The Principate brought the development of an extended festival or "holy week" for Cybele and Attis in March (Latin Martius), from the Ides to nearly the end of the month ...
  • March 15 (Ides): Canna intrat ("The Reed enters"), marking the birth of Attis and his exposure in the reeds along the Phrygian river Sangarius, where he was discovered—depending on the version—by either shepherds or Cybele herself ...
  • March 22: Arbor intrat ("The Tree enters"), commemorating the death of Attis under a pine tree. The dendrophores ("tree bearers") cut down a tree, suspended from it an image of Attis, and carried it to the temple with lamentations. The day was formalized as part of the official Roman calendar under Claudius. A three-day period of mourning followed.
  • March 25 (vernal equinox on the Roman calendar): Hilaria ("Rejoicing"), when Attis was reborn.
Scholars are divided as to whether the entire series was more or less put into place under Claudius, or whether the festival grew over time.
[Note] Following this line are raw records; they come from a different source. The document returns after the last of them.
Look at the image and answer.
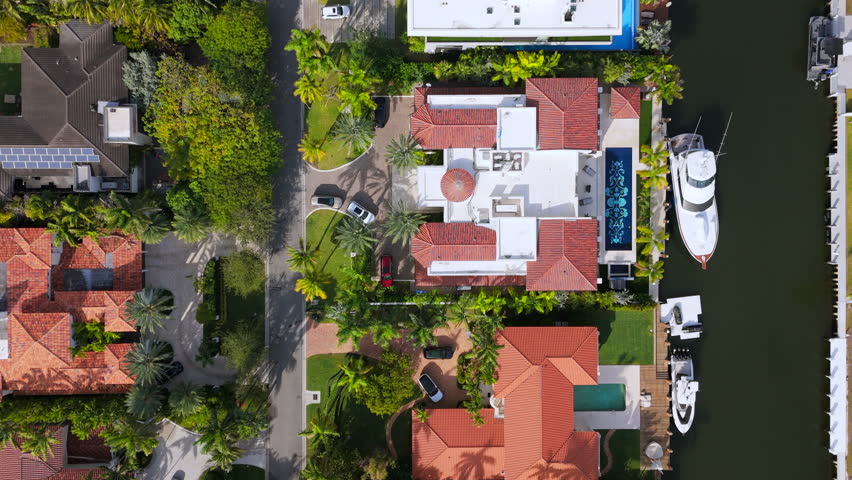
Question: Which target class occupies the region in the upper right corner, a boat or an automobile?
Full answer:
It is a boat that can be seen in the upper right corner.
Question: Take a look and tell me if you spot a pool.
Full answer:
Yes, a pool can be made out from above.
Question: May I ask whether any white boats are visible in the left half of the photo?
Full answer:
No, the scene shows no white boat in the left half of the photo.
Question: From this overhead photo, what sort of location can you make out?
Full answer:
This image shows a residential area.
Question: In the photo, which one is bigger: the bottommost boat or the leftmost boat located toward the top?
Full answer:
The larger object is the leftmost boat located toward the top, with the bottommost boat being the smaller of the pair.
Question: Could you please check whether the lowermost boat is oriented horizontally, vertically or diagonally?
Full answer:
I'd say the lowermost boat is aligned vertically in the picture.
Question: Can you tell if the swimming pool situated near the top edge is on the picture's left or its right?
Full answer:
You can find the swimming pool situated near the top edge on the right side of the picture.
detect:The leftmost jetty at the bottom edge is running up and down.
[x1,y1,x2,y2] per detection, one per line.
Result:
[640,304,668,468]
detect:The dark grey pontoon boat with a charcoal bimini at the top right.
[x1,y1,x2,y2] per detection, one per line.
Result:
[805,15,842,91]
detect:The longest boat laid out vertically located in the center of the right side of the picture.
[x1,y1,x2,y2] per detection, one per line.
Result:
[671,112,726,265]
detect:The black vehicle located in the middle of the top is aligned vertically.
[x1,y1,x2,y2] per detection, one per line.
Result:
[373,97,387,127]
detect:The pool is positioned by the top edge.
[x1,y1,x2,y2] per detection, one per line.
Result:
[503,0,638,52]
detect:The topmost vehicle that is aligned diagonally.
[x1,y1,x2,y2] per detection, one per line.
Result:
[347,200,375,225]
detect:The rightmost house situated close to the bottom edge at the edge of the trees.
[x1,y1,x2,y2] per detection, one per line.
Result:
[412,328,600,480]
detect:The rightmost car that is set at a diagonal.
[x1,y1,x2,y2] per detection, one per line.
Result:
[418,373,443,401]
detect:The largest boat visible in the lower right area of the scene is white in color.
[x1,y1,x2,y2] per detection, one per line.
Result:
[672,352,699,433]
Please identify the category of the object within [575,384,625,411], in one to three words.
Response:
swimming pool
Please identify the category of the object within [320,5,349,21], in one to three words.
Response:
car
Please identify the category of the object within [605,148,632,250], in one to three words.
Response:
swimming pool
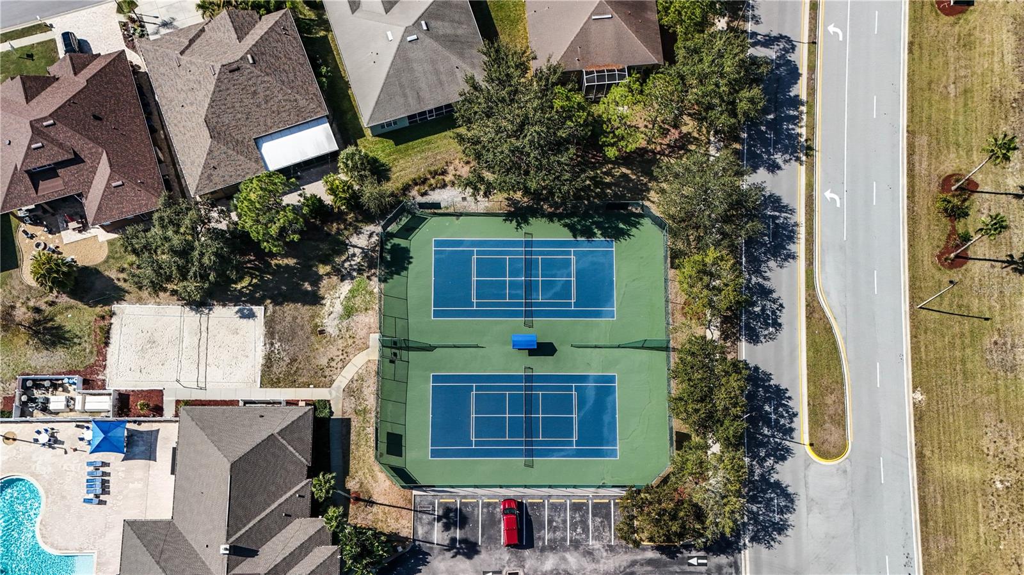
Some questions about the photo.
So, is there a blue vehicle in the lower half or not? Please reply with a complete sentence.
No, the scene shows no blue vehicle in the lower half.
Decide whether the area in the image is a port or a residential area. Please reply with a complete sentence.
The picture captures a residential area.
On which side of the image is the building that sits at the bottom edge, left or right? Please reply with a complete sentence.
The building that sits at the bottom edge appears in the left half of the scene.
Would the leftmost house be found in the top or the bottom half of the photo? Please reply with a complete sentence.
It is in the top half that the leftmost house appears.
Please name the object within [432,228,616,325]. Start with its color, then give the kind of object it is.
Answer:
blue tennis court
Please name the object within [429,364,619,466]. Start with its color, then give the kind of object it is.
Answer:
blue tennis court
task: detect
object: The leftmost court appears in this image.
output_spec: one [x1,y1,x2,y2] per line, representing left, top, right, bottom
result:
[106,305,264,389]
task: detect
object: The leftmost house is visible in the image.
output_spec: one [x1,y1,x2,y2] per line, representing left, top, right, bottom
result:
[0,49,170,229]
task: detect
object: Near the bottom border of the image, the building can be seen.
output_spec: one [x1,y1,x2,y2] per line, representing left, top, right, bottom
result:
[118,407,342,575]
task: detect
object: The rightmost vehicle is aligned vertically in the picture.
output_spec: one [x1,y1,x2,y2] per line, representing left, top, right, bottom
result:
[500,499,519,548]
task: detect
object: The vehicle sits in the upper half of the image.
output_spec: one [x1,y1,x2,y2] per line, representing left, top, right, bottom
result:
[61,28,79,54]
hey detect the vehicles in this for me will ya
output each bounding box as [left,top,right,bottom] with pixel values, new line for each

The Phrygian character of the cult would have appealed to the Julio-Claudians as an expression of their claim to Trojan ancestry. It may be that Claudius established observances mourning the death of Attis, before he had acquired his full significance as a resurrected god of rebirth, expressed by rejoicing at the later Canna intrat and by the Hilaria. The full sequence at any rate is thought to have been official in the time of Antoninus Pius (reigned 138–161), but among extant fasti appears only in the Calendar of Philocalus (354 AD).

Priesthood
In Rome, the Galli and their cult fell under the supreme authority of the pontifices, who were usually drawn from Rome's highest ranking, wealthiest citizens. The Galli themselves, although imported to serve the day-to-day workings of their goddess's cult on Rome's behalf, represented an inversion of Roman priestly traditions in which senior priests were citizens, expected to raise families, and personally responsible for the running costs of their temples, assistants, cults, and festivals. As eunuchs, incapable of reproduction, the Galli were forbidden Roman citizenship and rights of inheritance; like their eastern counterparts, they were technically mendicants whose living depended on the pious generosity of others. For a few days of the year, during the Megalesia, Cybele's laws allowed them to leave their quarters, located within the goddess' temple complex, and roam the streets to beg for money. They were outsiders, marked out as Galli by their regalia, and their notoriously effeminate dress and demeanour, but as priests of a state cult, they were sacred and inviolate. From the start, they were objects of Roman fascination, scorn, and religious awe. No Roman, not even a slave, could castrate himself "in honour of the Goddess" without penalty; in 101 BCE, a slave who had done so was exiled. Augustus selected priests from among his own freedmen to supervise Magna Mater's cult, and brought it under Imperial control. Claudius introduced the senior priestly office of Archigallus, who was not a eunuch and held full Roman citizenship.